Canas verdes , de José Tomás Labarthe

 

 

por Luis Herrera Vásquez


En una conversación con Juan Andrés Piña el año noventa, Nicanor Parra señalaba que antes de irrumpir con Poemas & Antipoemas el año cincuenta y cuatro, lo que llamaba su atención, sobre todo leyendo La Antología de poesía chilena nueva, era por qué los poetas hablaban de una manera y porqué la gente lo hacía de otra. A Parra le parecía que ahí había gato encerrado, que lo natural, por supuesto, era que los poetas hablaran como habla la gente, es decir: había que expresarse en la lengua de la tribu.
Esa lengua de la tribu sobrevive en Canas verdes del poeta José Tomás Labarthe.

“Aún lo recuerdo en ese cerro de La Reina
Una tarde que me raptó para una importante misión secreta,
Un supuesto pacto de confianza que debía
por siempre
permanecer guardado entre él y yo.
Y para sellar el trato realizó un acto de pantomima
-mi iniciación en el mundo de la ilusión-:
Con una mano cogió el dedo gordo de la otra
Y tras un pase extraordinario el dedo gordo desapareció”.

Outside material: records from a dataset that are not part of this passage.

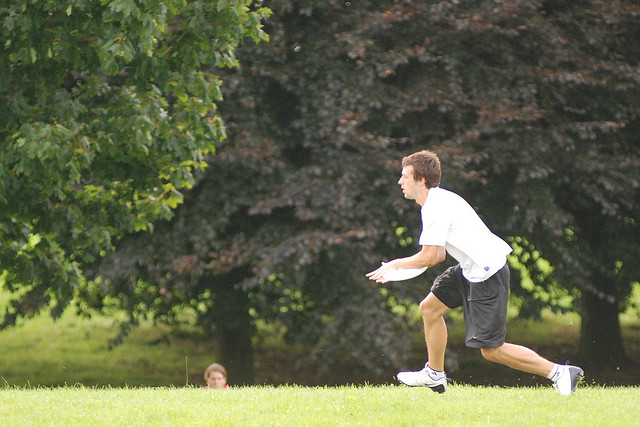Is there anyone else in the image besides the main subject? Yes, there appears to be another individual in the background. They are not as easily noticed due to their smaller size in the frame and the distance from the camera, implying they may be further back in the park. What might the relationship be between the two individuals? It's difficult to determine their relationship with certainty from this single image alone. However, given the recreational context and their presence in the same area, they could be friends, family, or acquaintances engaged in a shared activity, such as playing a game or simply enjoying a day at the park together. 
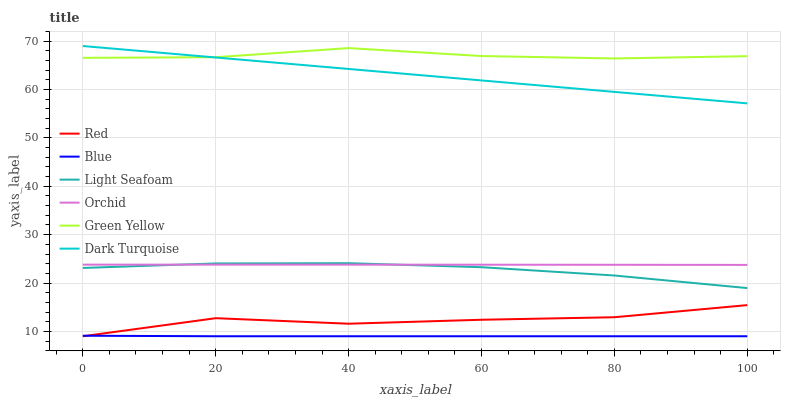Does Light Seafoam have the minimum area under the curve?
Answer yes or no. No. Does Light Seafoam have the maximum area under the curve?
Answer yes or no. No. Is Light Seafoam the smoothest?
Answer yes or no. No. Is Light Seafoam the roughest?
Answer yes or no. No. Does Light Seafoam have the lowest value?
Answer yes or no. No. Does Light Seafoam have the highest value?
Answer yes or no. No. Is Blue less than Light Seafoam?
Answer yes or no. Yes. Is Green Yellow greater than Red?
Answer yes or no. Yes. Does Blue intersect Light Seafoam?
Answer yes or no. No. 
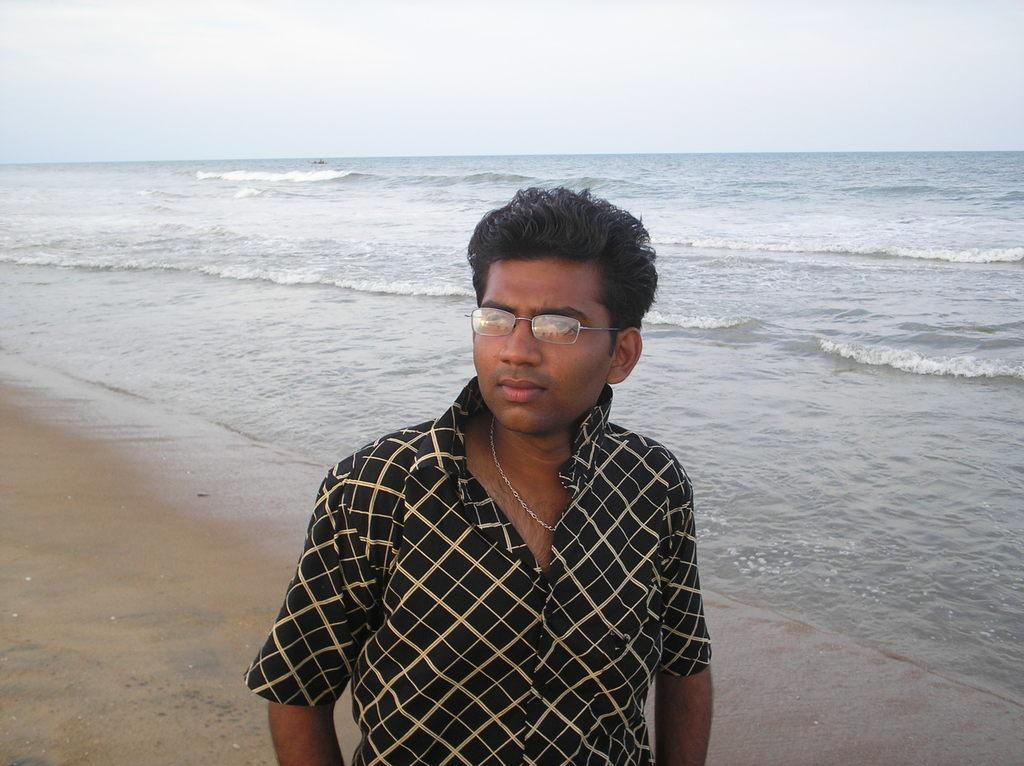Who or what is present in the image? There is a person in the image. What is the person wearing? The person is wearing a black and cream color shirt. What can be seen in the background of the image? There is a sea and the sky visible in the background of the image. What are the colors of the sky in the image? The sky in the image has colors of white and blue. What type of pest can be seen crawling on the person's shirt in the image? There are no pests visible on the person's shirt in the image. What kind of test is the person taking in the image? There is no test being taken in the image; the person is simply standing in front of a sea and sky background. 
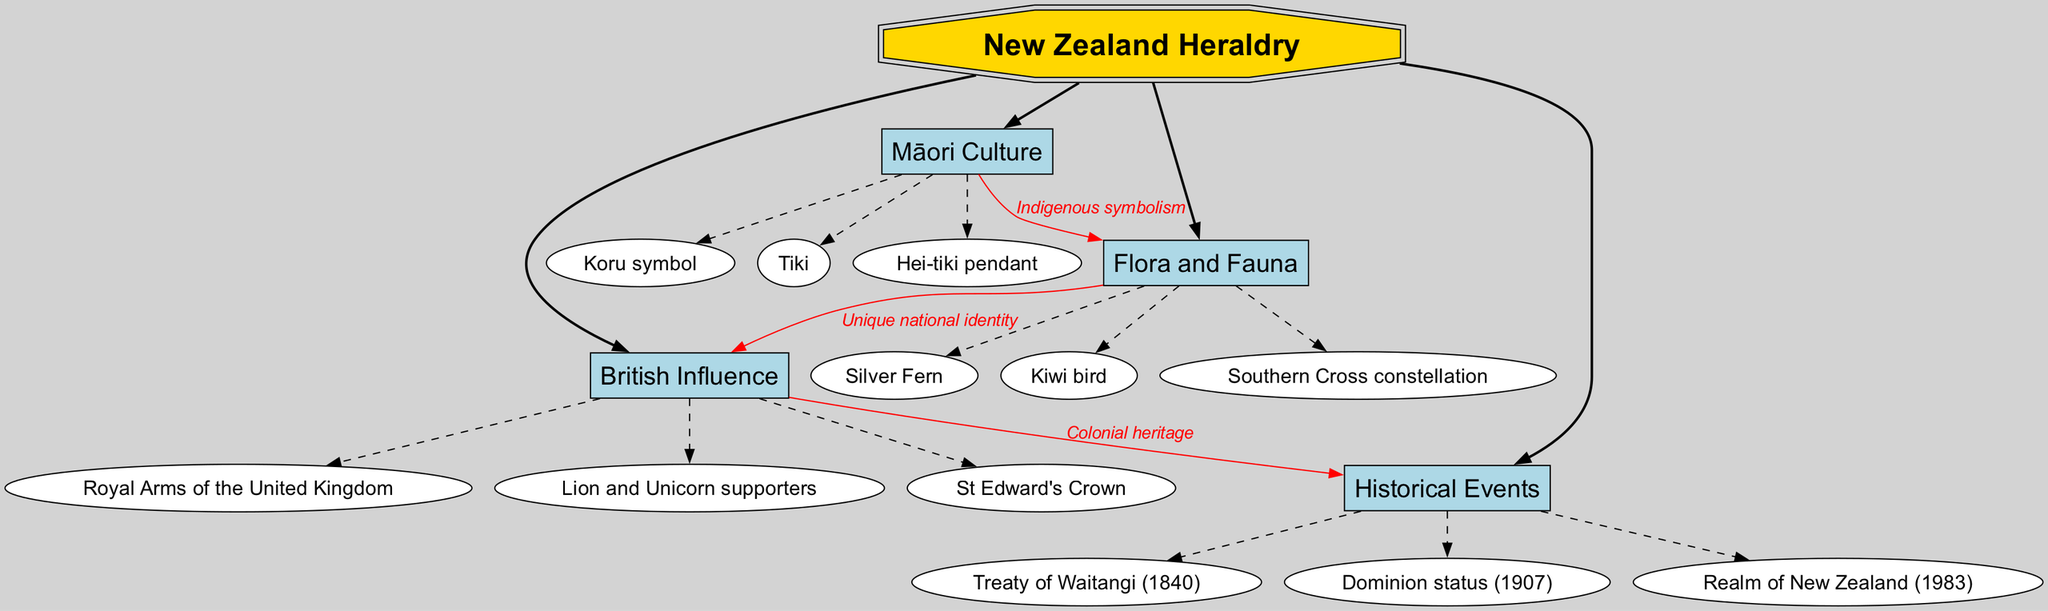What are the three main branches of the mind map? The mind map has four main branches: British Influence, Māori Culture, Flora and Fauna, and Historical Events.
Answer: British Influence, Māori Culture, Flora and Fauna What symbol is represented by the sub-branch "Tiki"? "Tiki" is a symbolic representation in Māori culture featured as a sub-branch within the Māori Culture branch.
Answer: Tiki How many sub-branches are under "Flora and Fauna"? There are three sub-branches listed under Flora and Fauna: Silver Fern, Kiwi bird, and Southern Cross constellation, making a total of three.
Answer: 3 Which historical event connects to "British Influence"? The connection labeled "Colonial heritage" indicates that "British Influence" is linked to "Historical Events," specifically suggesting a historical context for colonization, resulting in the Treaty of Waitangi (1840), which connects both branches.
Answer: Treaty of Waitangi (1840) What is the color of the node representing "Māori Culture"? The node representing "Māori Culture" is styled with a light blue fill color, which is consistent across the main branches of the diagram.
Answer: Light blue What are the two cultures referenced in the connections of the mind map? The connections show the influence of British culture and Māori culture on specific aspects of New Zealand heraldry, with cultural context tied through various events and symbols in the diagram.
Answer: British culture and Māori culture Which symbol under "Flora and Fauna" is associated with a unique national identity? The diagram indicates that "Silver Fern" and "Kiwi bird" are tied to the notion of a unique national identity as part of the Flora and Fauna branch.
Answer: Silver Fern What does the connection labeled "Indigenous symbolism" link? The "Indigenous symbolism" connection links "Māori Culture" to "Flora and Fauna," indicating how Māori culture influences and reflects on the natural symbols representative of New Zealand.
Answer: Māori Culture to Flora and Fauna Which symbol under "Māori Culture" has a specific representation as a pendant? The "Hei-tiki pendant" in the sub-branch of Māori Culture specifically represents a symbolic form that is culturally significant in Māori traditions.
Answer: Hei-tiki pendant 
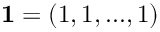<formula> <loc_0><loc_0><loc_500><loc_500>1 = ( 1 , 1 , \dots , 1 )</formula> 
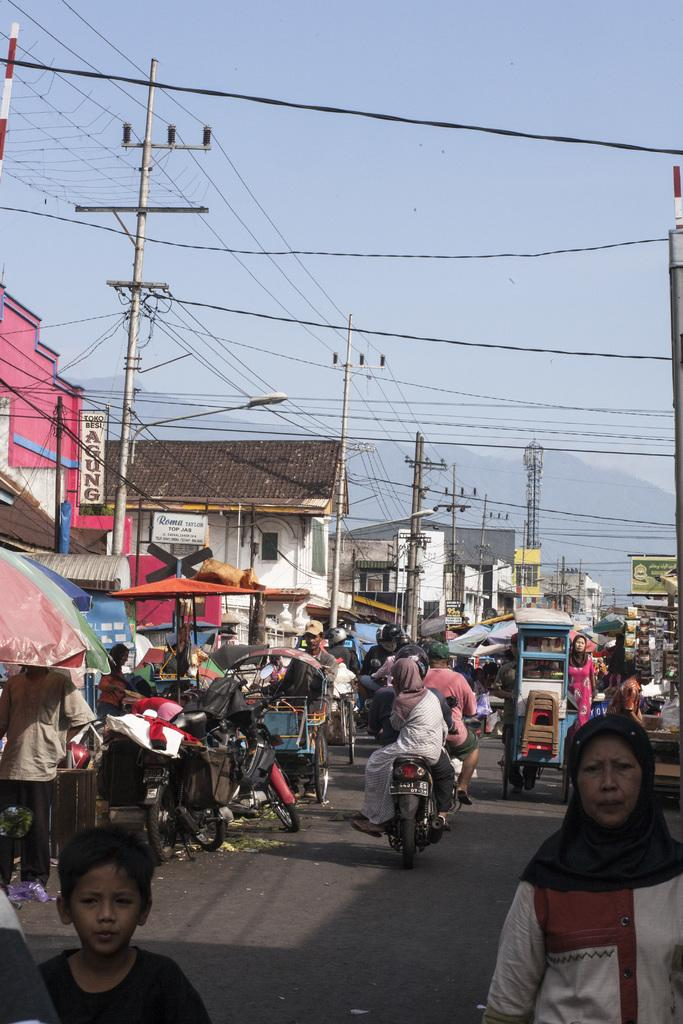What are the people in the image doing? There are people standing on the road and sitting on a bike in the image. What else can be seen in the image besides people? There are vehicles and buildings in the image. What is the condition of the sky in the image? The sky is clear in the image. Can you tell me the income of the snail in the image? There is no snail present in the image, so it is not possible to determine its income. 
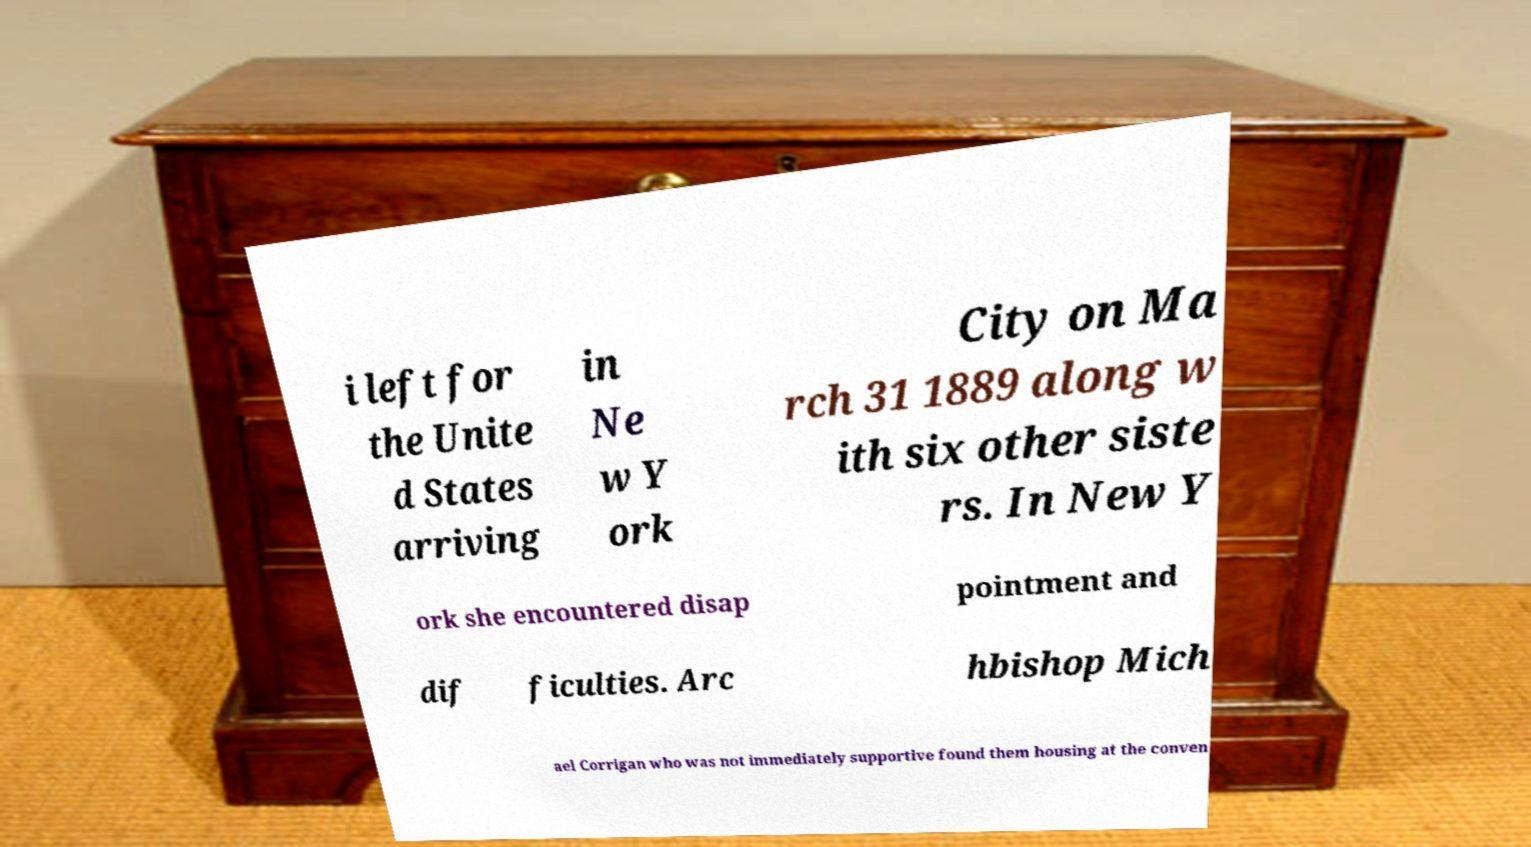Could you assist in decoding the text presented in this image and type it out clearly? i left for the Unite d States arriving in Ne w Y ork City on Ma rch 31 1889 along w ith six other siste rs. In New Y ork she encountered disap pointment and dif ficulties. Arc hbishop Mich ael Corrigan who was not immediately supportive found them housing at the conven 
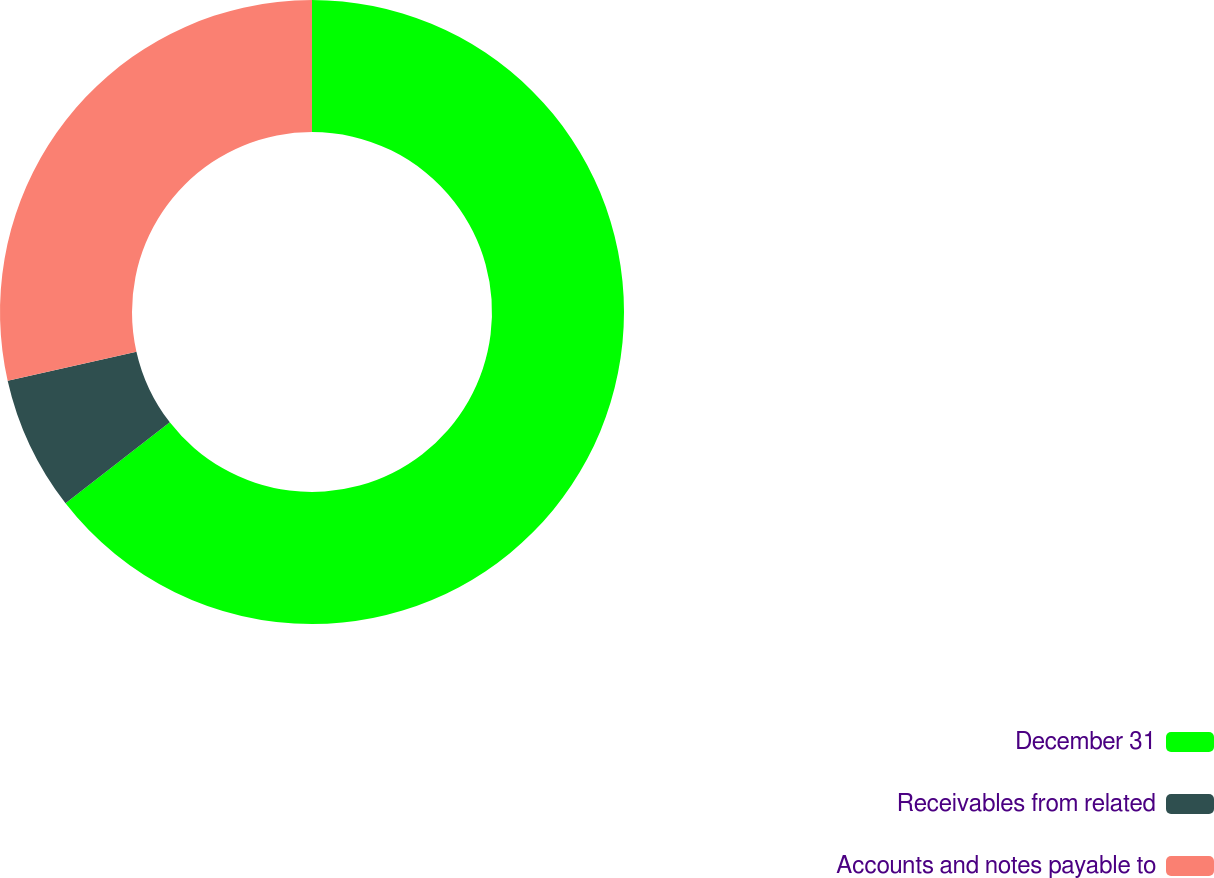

Sin metáforas accesorias, sin imaginerías lingüísticas barrocas, el poeta nos sitúa en un tiempo y espacio mínimo y secreto. Íntimo. Propio. Identificable por cada uno de nosotros, porque repercute en nuestro propio lenguaje como una experiencia que puede también estar alojada en nuestros recuerdos. Si bien es cierto, los poemas son variopintos, cada uno de ellos busca con precisión detenerse en un punto mínimo: un comentario en la calle, acordar un reencuentro, un proyecto efímero, una frase que surge al voleo desde lo más recóndito del animal salvaje que es la letra:

“Perdón Gato Tom
Mi amante tiene
Lo que tú no”

Otro:
“Se
Busca
Mujer peligrosa
Como alfiler
Lanzado al aire”

Otro:
“Fue un segundo:
Recordé tu sonrisa
Y me quemé la lengua con la sopa”

En el juego de rescatar la sensación nula, el sentimiento breve, el significado impronunciable, Labarthe se alinea en un tránsito que ha ido desde un Huidobro que ha buscado “crear” con el lenguaje, un Parra que ha rescatado el lenguaje de la tribu, un Lihn que ha cuestionado el lenguaje, un Lira que ha pop-articulado el lenguaje, hasta ubicarse en una vereda cercana a un Bertoni que, desde el haikú japonés, busca captar lo mínimo de la rutina. Una rutina en ocasiones sorpresiva, en otras, aterradora. Una rutina que en su propia cotidianeidad, nos presenta los fragmentos concisos de ese relámpago del que hablaba Heidegger, pensando en Hölderlin.

“la lengua
Quiere rozarte y lamerte
Como al cerrar el sobre
La carta”

¿Dónde se esconde ese relámpago? ¿En la lengua o en la carta? Lo que recrea el lector, ¿Dónde se guarda? ¿Junto a la palabra “lengua” o junto a la palabra “sobre”?
Aquella extraña sensación de desasosiego que surge ante versos como los expuestos se manifiesta de manera repentina, incalculable e intangible. Un relámpago, insisto, en nombre de Heidegger. Algo que se escribe como una luz, algo que se ve y no se ve, algo que ocurre, pero nunca es presente: cuando surge la conciencia del poema, el poema ya se ha ido. Y ese camino tan bien trazado por Bertoni o Lihn, es recorrido por Labarthe.
Vuelvo a Lira. Vuelvo a la ironía pop, al artefacto industrial, a la performance:

“Finalmente los poetos
-siempre en posición fetal-
Cogen sus pulmones
Y los desenrollan
Y se los cuelgan encima
Como cinturones de seguridad”

Otro:
“ Sopla el pito po árbitro
pero sóplalo despacito
No servís ni para peinarte
Uy ni pa peinarte
Loíno mamón”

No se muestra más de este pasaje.